Work to be completed → Write every line below out again exactly, images omitted.

Given data →
········
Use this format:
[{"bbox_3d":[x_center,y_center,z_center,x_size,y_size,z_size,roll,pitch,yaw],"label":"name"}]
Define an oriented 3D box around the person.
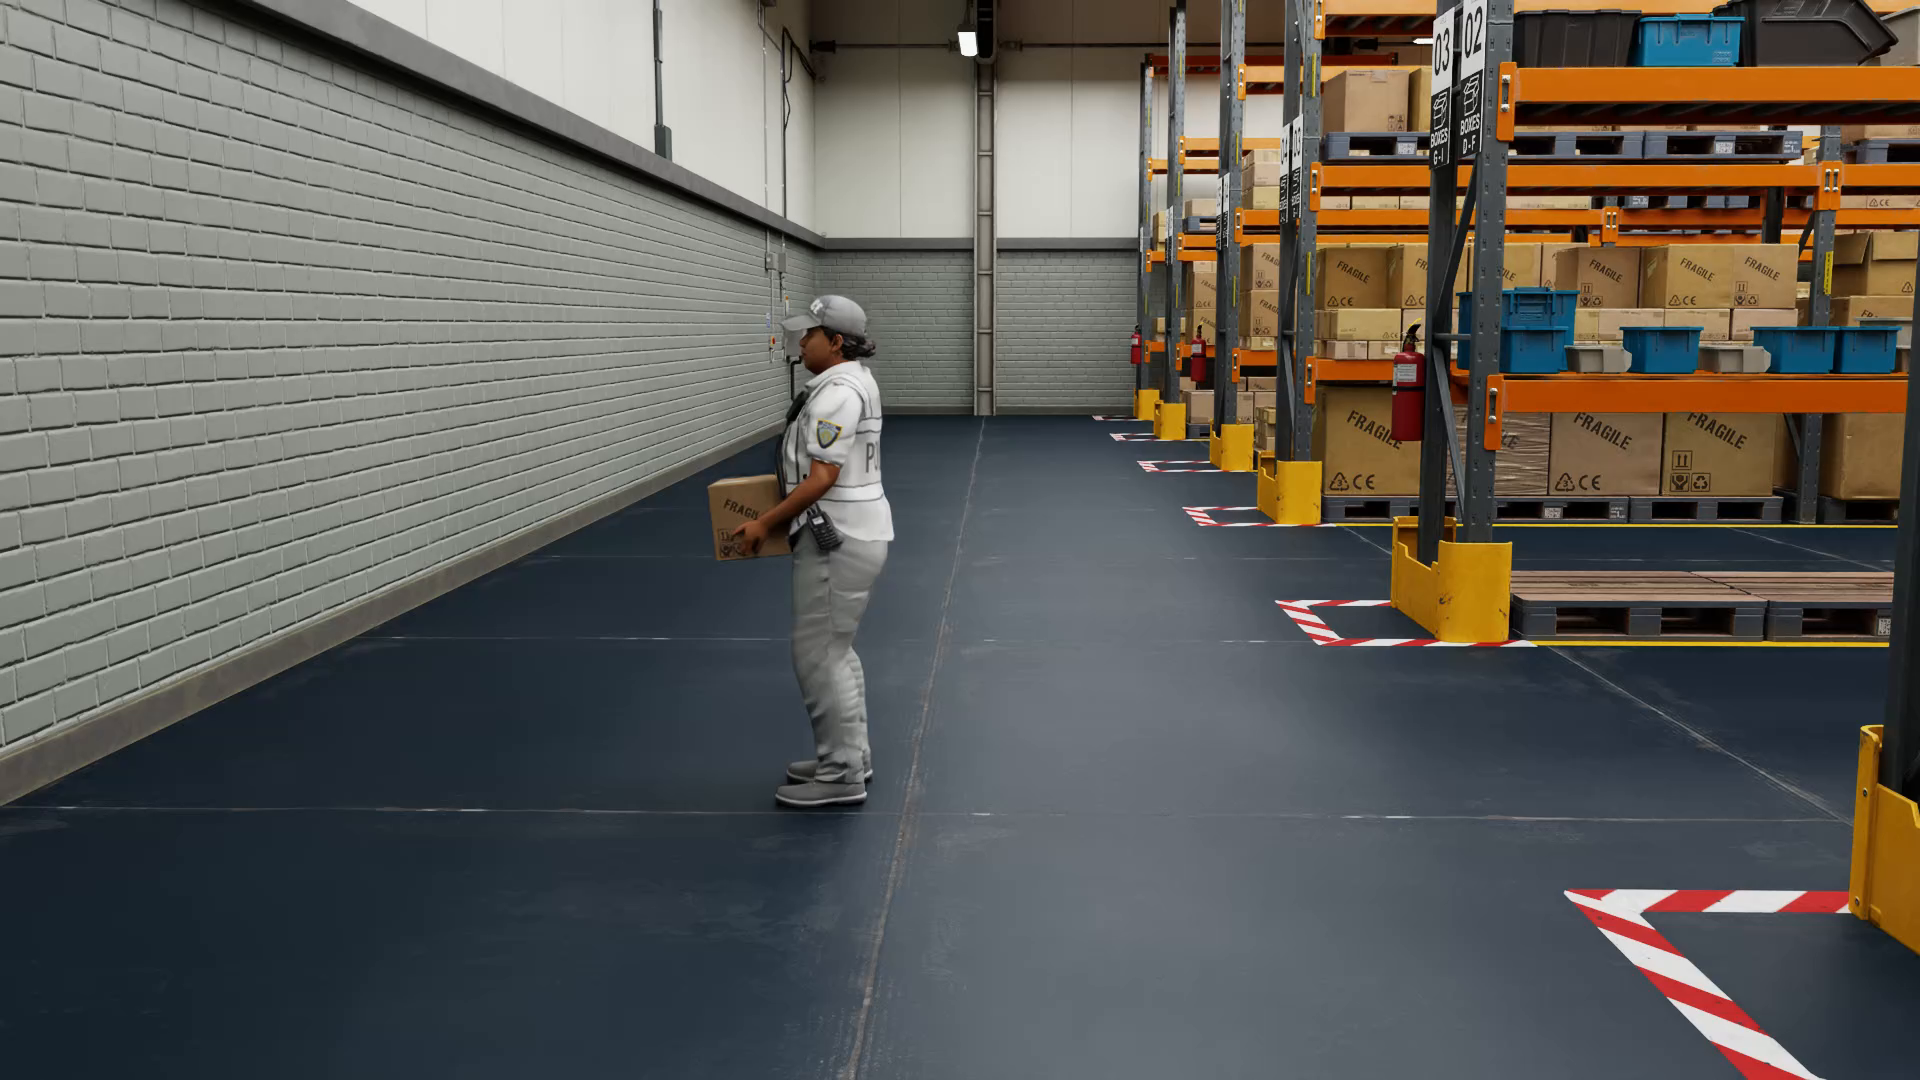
[{"bbox_3d":[-0.481,0.028,5.528,0.523,1.668,0.480,0,7,1],"label":"person"}]
········
Response to this task →
Use this format:
[{"bbox_3d":[x_center,y_center,z_center,x_size,y_size,z_size,roll,pitch,yaw],"label":"name"}]
Define an oriented 3D box around the person.
[{"bbox_3d":[-0.481,0.028,5.528,0.523,1.668,0.480,0,7,1],"label":"person"}]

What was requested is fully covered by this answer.